Senate Majority Leader Mitch McConnell, R-Ky., and House Speaker Paul Ryan, R-Wis., have laid out a strategy to fund more than half of federal agencies by Sept. 30, punting some of the more contentious fights — such as money for Trump’s longsought U.S.-Mexico border wall — until after the elections. But the president’s conflicting signals — encouraging in private, hardline in public — call into question whether the GOP leaders’ plan will succeed.
“If we don’t get border security after many, many years of talk within the United States, I would have no problem doing a shutdown,” Trump said Monday, reiterating a point he made on Twitter over the weekend.
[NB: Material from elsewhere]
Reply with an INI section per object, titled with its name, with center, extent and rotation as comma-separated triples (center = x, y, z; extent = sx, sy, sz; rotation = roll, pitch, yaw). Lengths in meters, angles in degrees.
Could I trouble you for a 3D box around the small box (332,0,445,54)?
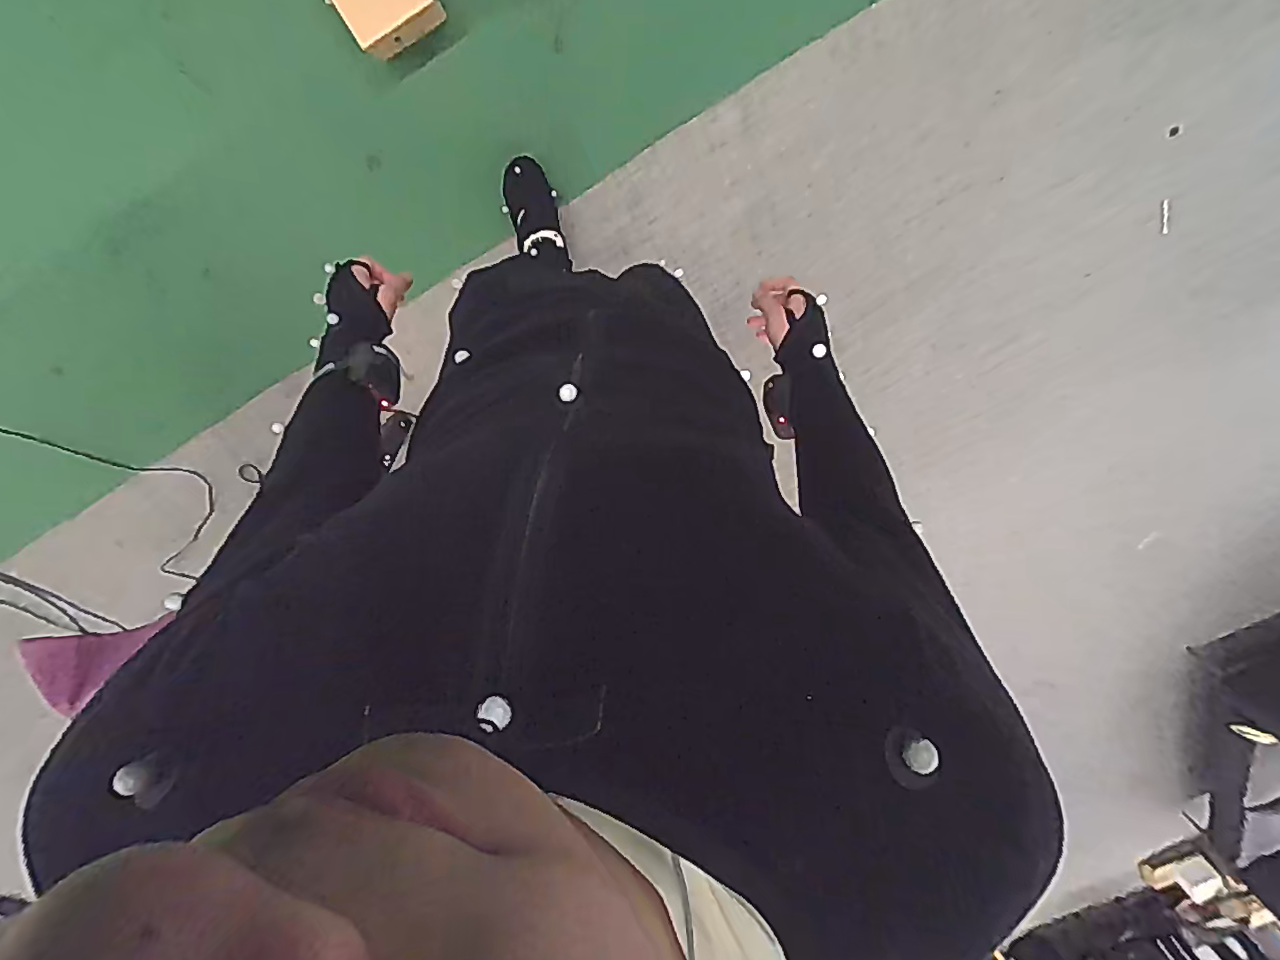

That comes nearly one week after Ryan and McConnell briefed Trump on their strategy to fund the government in piecemeal installments well before the September deadline.
McConnell and other Republicans, for their part, remain upbeat that Congress can avert halting government operations, which would be electorally devastating as the GOP tries to show how productive their majorities can be in delivering on conservative priorities. But Trump’s comments inject uncertainty into an appropriations process that had been, somewhat surprisingly, moving along in Congress with few glitches.
“I’m confident we can avoid a shutdown,” McConnell told The Washington Post on Monday.